Task input: Begin

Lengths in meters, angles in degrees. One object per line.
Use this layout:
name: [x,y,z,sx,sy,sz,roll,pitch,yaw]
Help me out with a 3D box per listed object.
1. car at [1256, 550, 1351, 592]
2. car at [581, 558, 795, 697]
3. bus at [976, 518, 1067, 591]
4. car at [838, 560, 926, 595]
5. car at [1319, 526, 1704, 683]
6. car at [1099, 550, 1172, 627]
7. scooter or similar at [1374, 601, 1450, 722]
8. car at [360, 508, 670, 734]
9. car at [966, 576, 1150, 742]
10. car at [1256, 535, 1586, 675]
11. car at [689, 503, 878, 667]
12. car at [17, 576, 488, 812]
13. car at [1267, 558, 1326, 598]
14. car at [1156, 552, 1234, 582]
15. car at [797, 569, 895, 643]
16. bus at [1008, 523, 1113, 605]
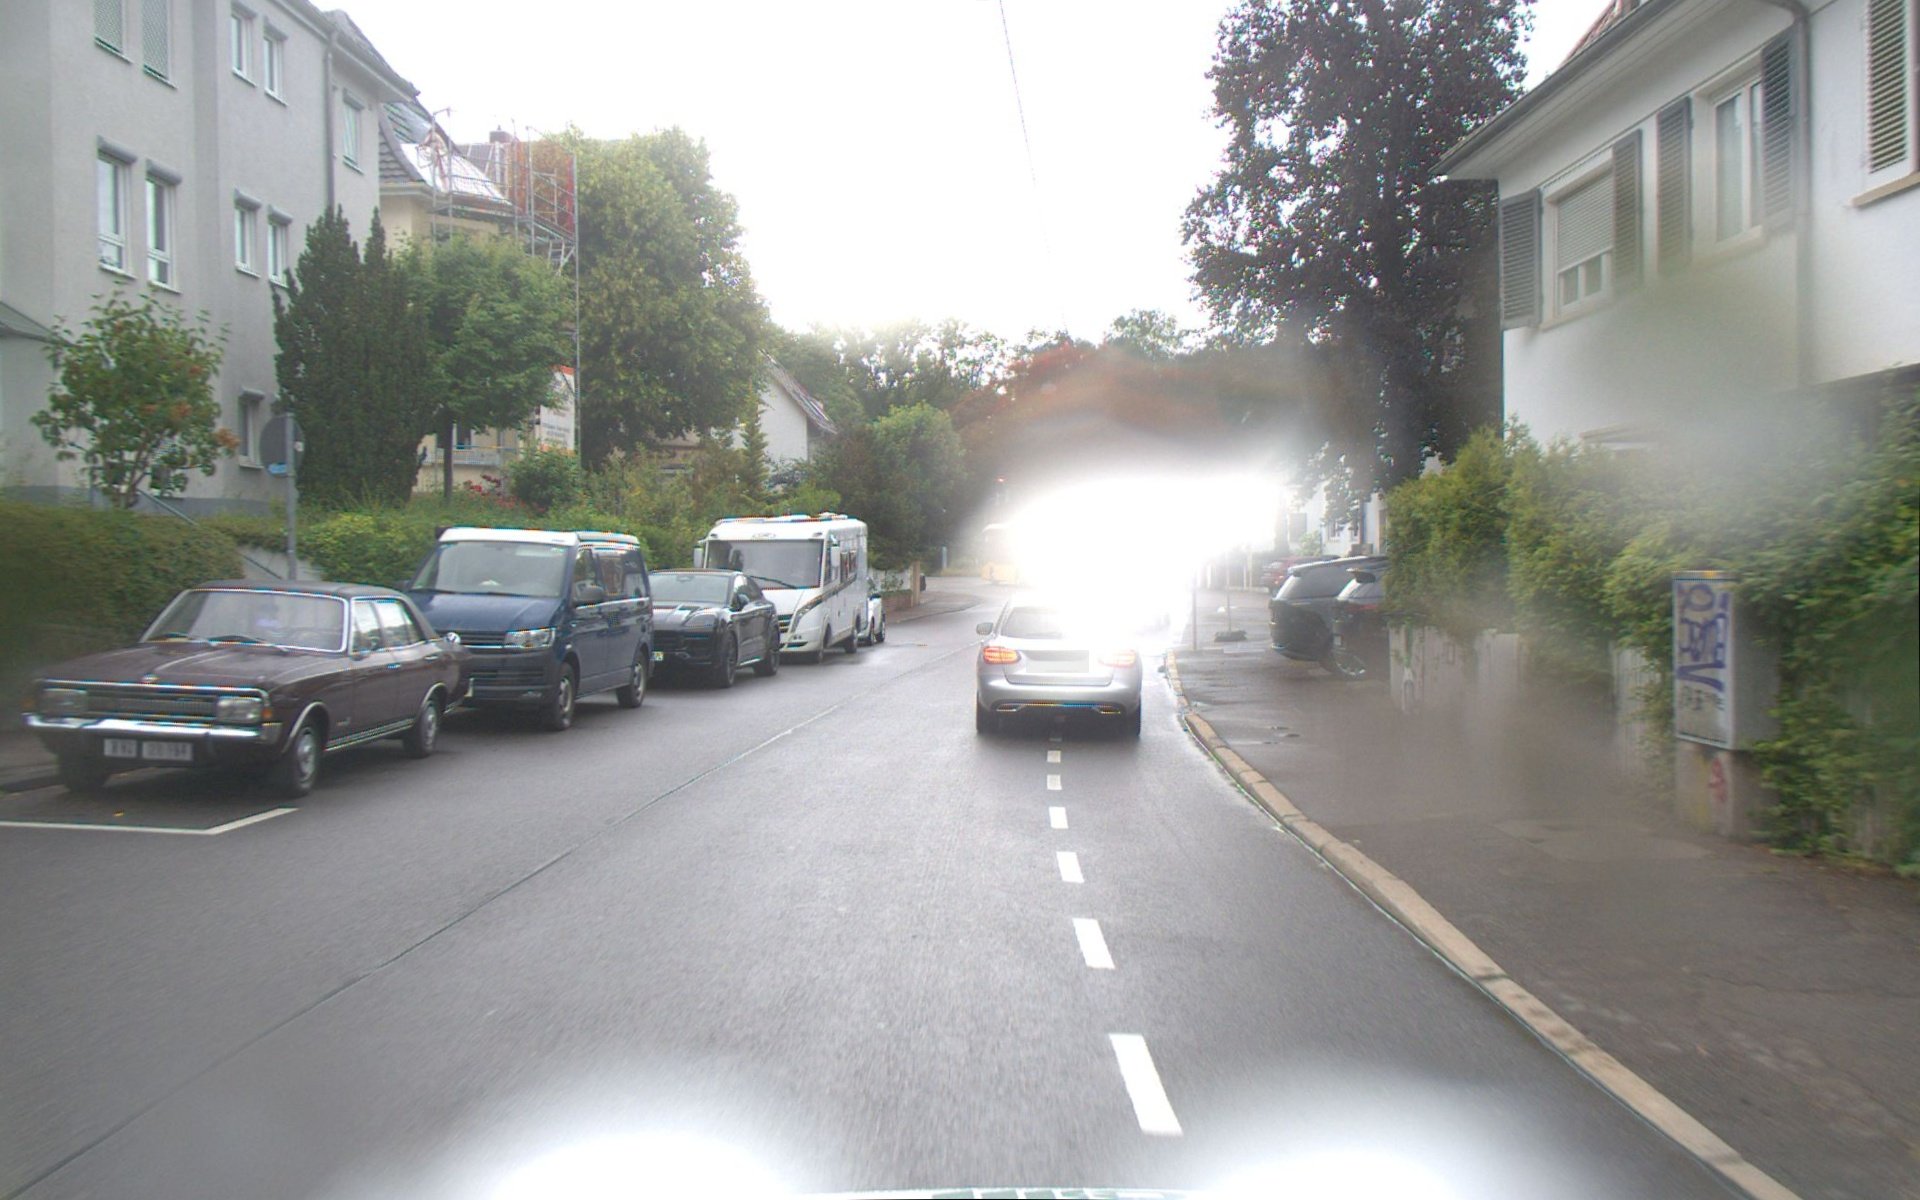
car: [15.731,-1.335,75.940,3.908,1.824,1.758,1,3,-4]
car: [-3.897,0.303,24.566,1.951,1.717,4.681,1,3,6]
bus: [3.223,-2.607,90.627,2.875,3.714,10.281,1,3,-10]
car: [-3.544,-1.018,75.251,3.908,1.444,1.886,1,3,-3]
car: [7.407,0.048,22.599,4.565,1.844,2.001,-3,1,3]
car: [4.627,-0.306,44.026,1.804,1.937,4.002,1,0,5]
scooter or similar: [4.834,0.629,17.768,0.446,1.221,1.867,1,0,5]
car: [-4.640,0.185,18.094,1.791,2.092,5.011,1,0,3]
car: [1.077,0.552,18.365,1.778,1.583,4.002,1,1,3]
car: [7.089,0.062,25.821,4.565,1.907,2.001,-3,1,3]
car: [-3.263,-0.395,32.220,2.340,2.820,6.537,1,2,5]
car: [-5.098,0.558,12.679,1.610,1.442,4.613,1,1,0]
car: [13.432,-0.901,66.123,1.185,1.476,3.013,1,3,-13]
car: [13.075,-1.843,92.230,3.917,1.557,1.754,1,3,-13]
car: [-2.552,0.101,37.780,1.676,1.472,3.258,1,3,6]
bus: [4.809,-1.897,81.655,2.875,3.714,10.147,1,3,-10]
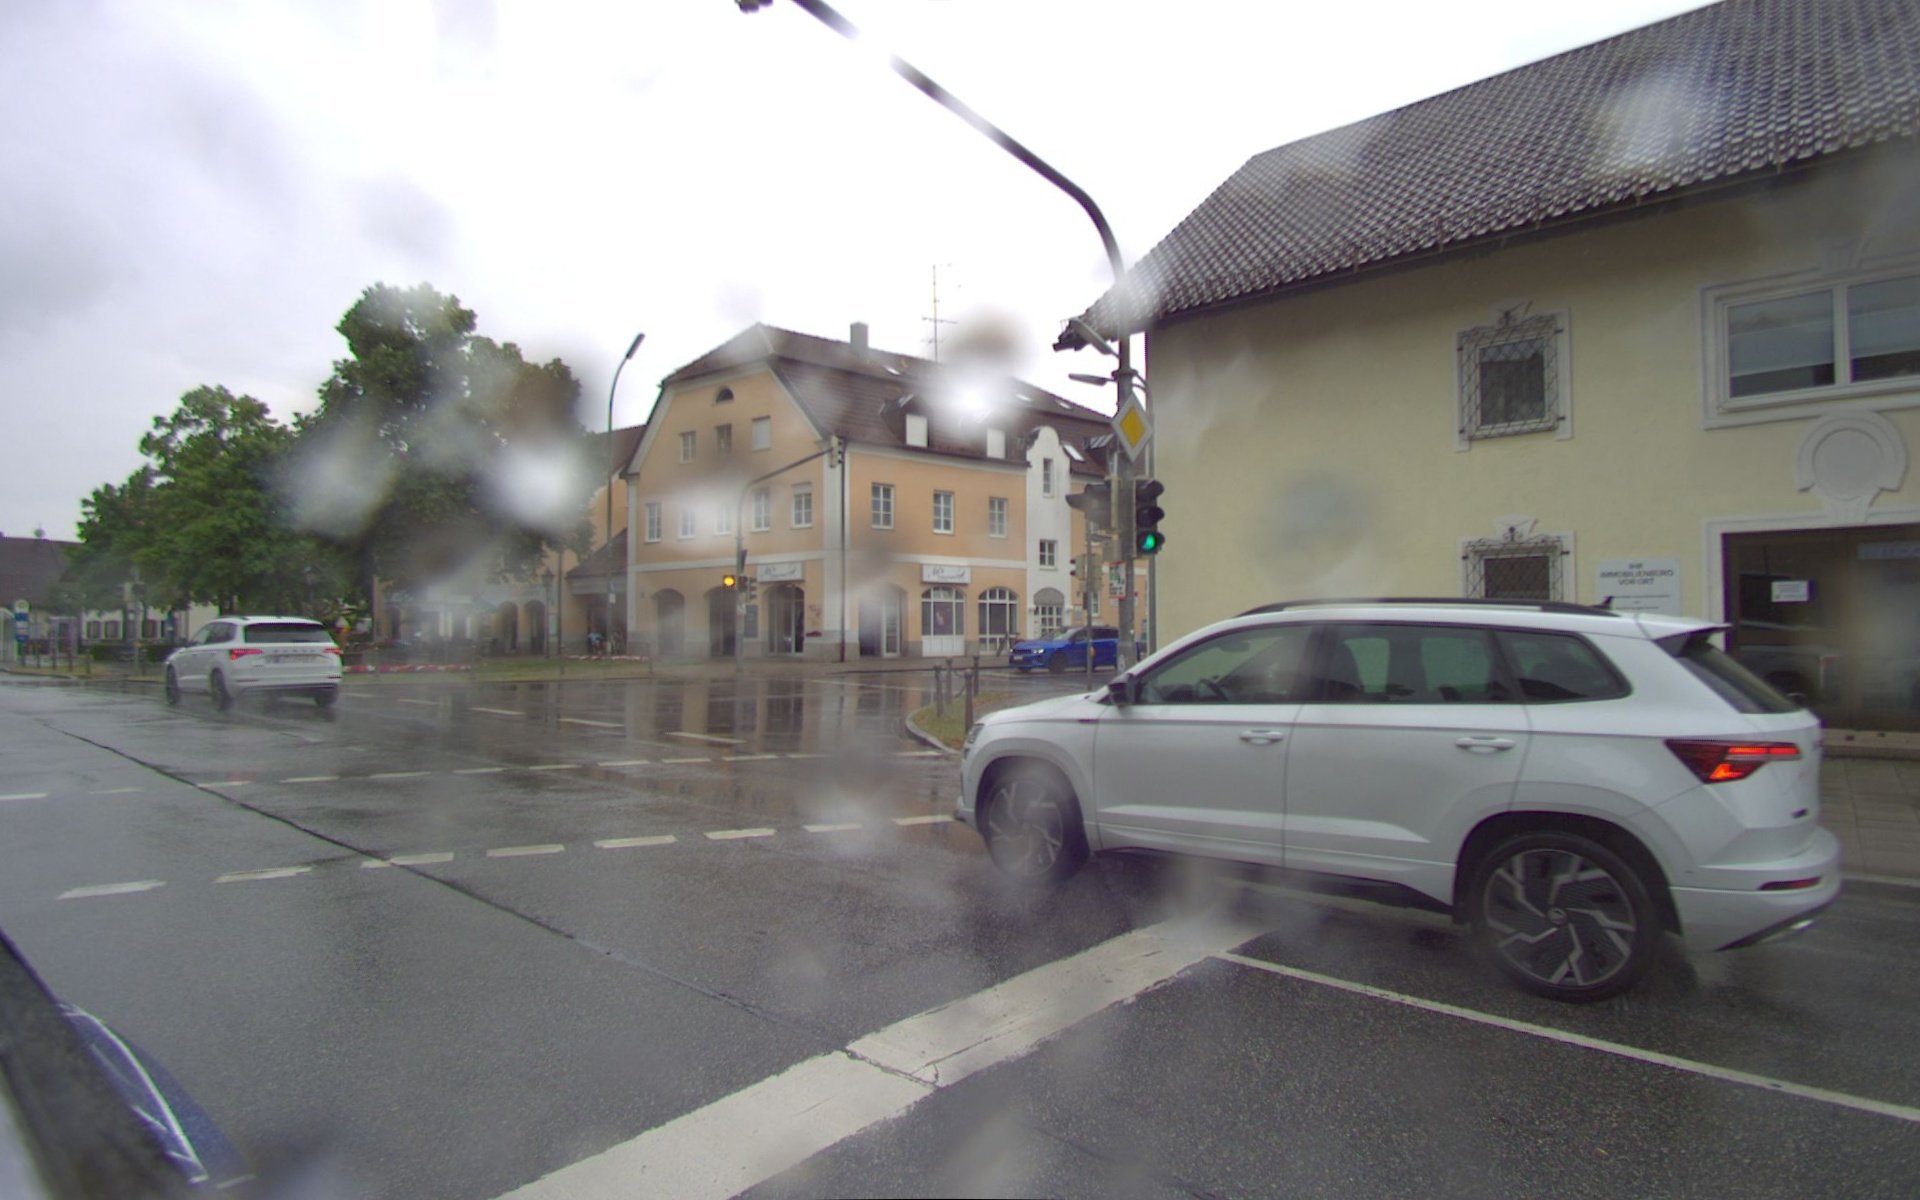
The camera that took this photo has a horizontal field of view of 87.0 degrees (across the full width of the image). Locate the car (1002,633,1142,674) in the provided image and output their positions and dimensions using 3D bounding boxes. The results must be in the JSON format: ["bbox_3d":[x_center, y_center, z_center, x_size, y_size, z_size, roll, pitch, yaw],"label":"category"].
[{"bbox_3d":[3.538,1.629,31.581,4.288,1.194,1.693,1,-2,-35],"label":"car"}]

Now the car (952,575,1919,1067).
[{"bbox_3d":[2.123,0.771,5.347,4.123,1.578,1.907,-1,-2,41],"label":"car"}]

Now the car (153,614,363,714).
[{"bbox_3d":[-12.639,1.081,18.142,4.146,1.575,1.948,-1,-3,38],"label":"car"}]
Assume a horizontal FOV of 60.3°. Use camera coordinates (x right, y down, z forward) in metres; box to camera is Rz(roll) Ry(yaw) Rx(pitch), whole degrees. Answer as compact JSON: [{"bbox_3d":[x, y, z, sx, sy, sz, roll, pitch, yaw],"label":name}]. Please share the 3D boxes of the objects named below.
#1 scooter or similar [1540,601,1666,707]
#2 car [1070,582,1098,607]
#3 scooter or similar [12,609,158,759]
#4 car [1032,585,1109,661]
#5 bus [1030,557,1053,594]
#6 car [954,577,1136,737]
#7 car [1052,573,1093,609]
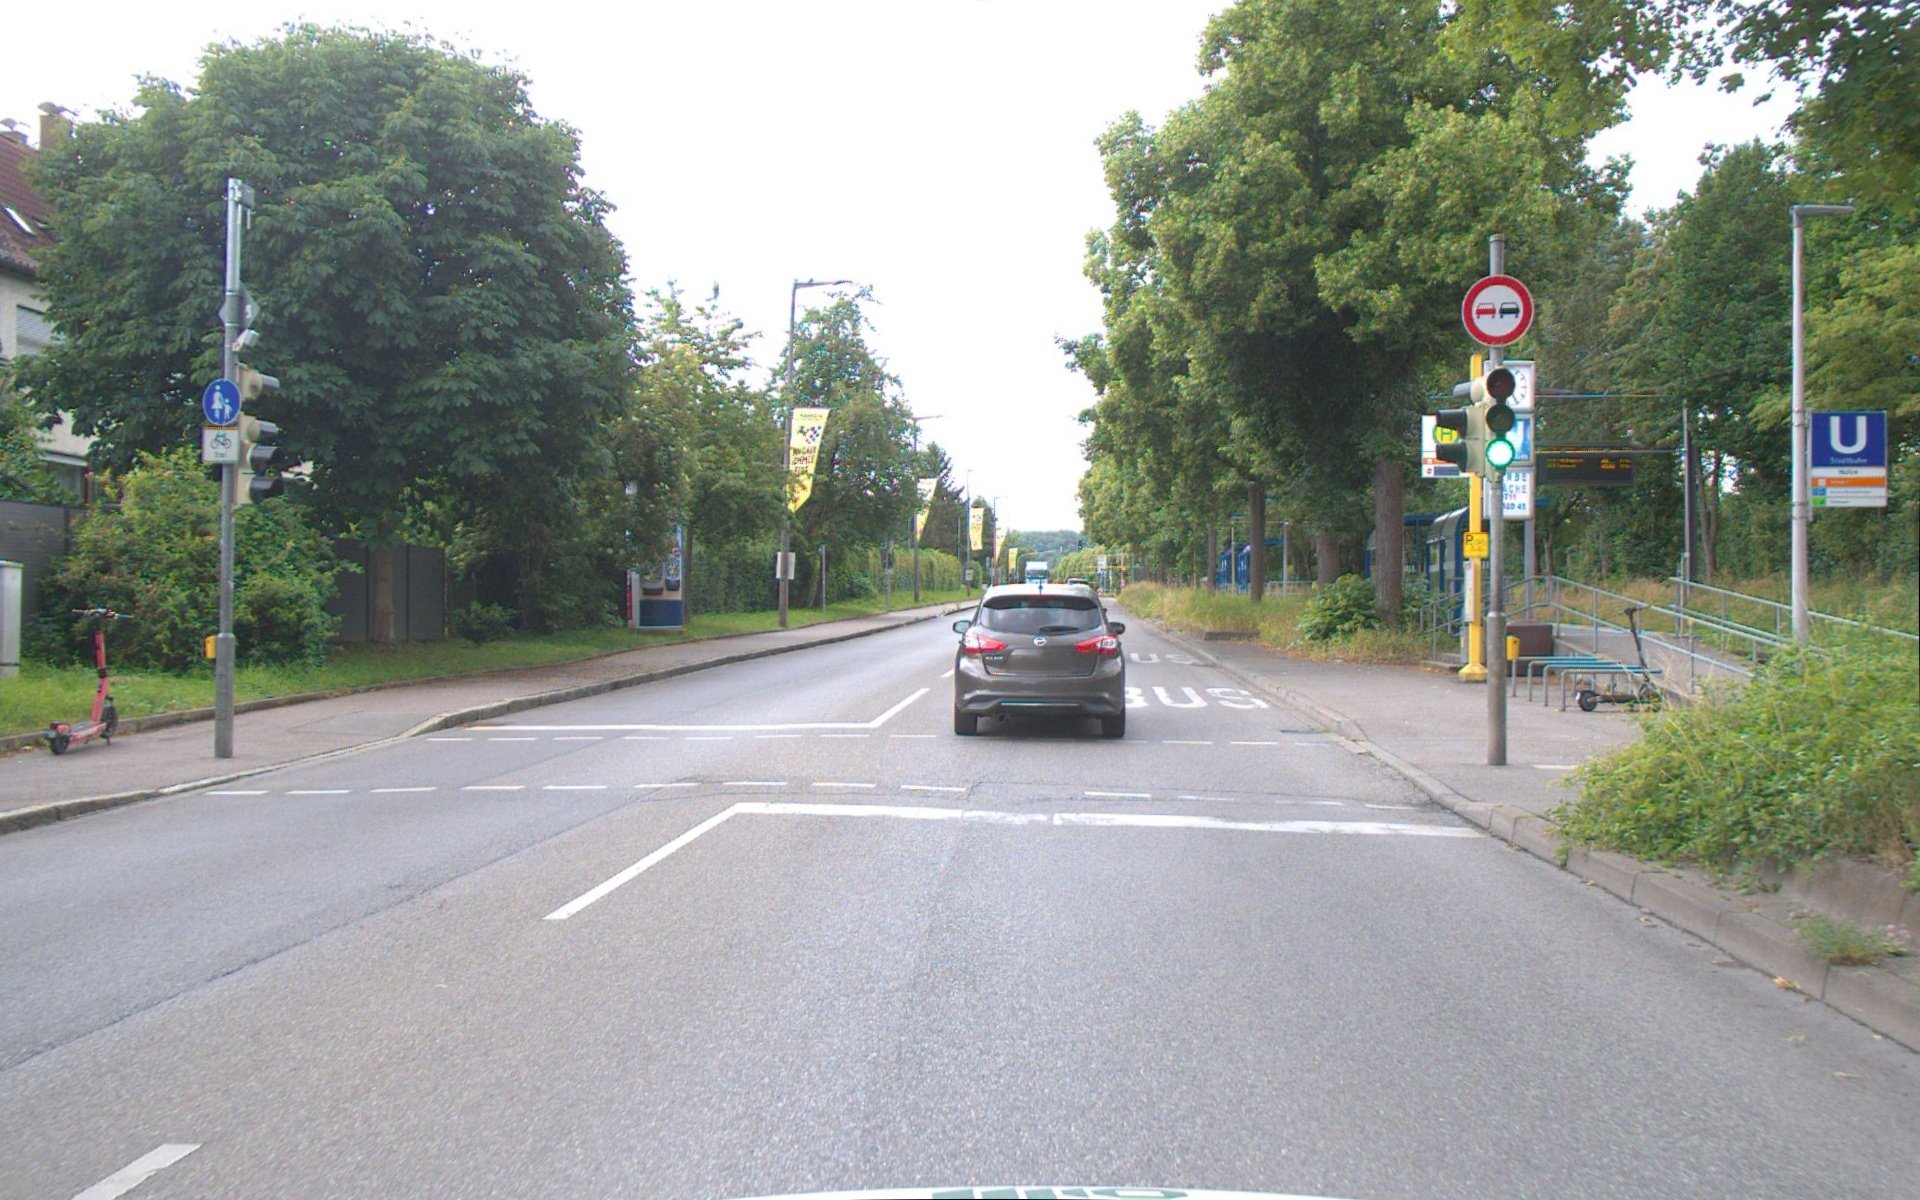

Task input: End

→ **What is needed**:
Only the lines that contain the string "name" are to be copied from the records.

→ **Output of the task**:
name: [x,y,z,sx,sy,sz,roll,pitch,yaw]
Assume a horizontal FOV of 60.3°. Use camera coordinates (x right, y down, z forward) in metres; box to camera is Rz(roll) Ry(yaw) Rx(pitch), whole degrees. Answer as compact JSON: [{"bbox_3d":[x, y, z, sx, sy, sz, roll, pitch, yaw],"label":name}]. Please share the 3D boxes of the objects named below.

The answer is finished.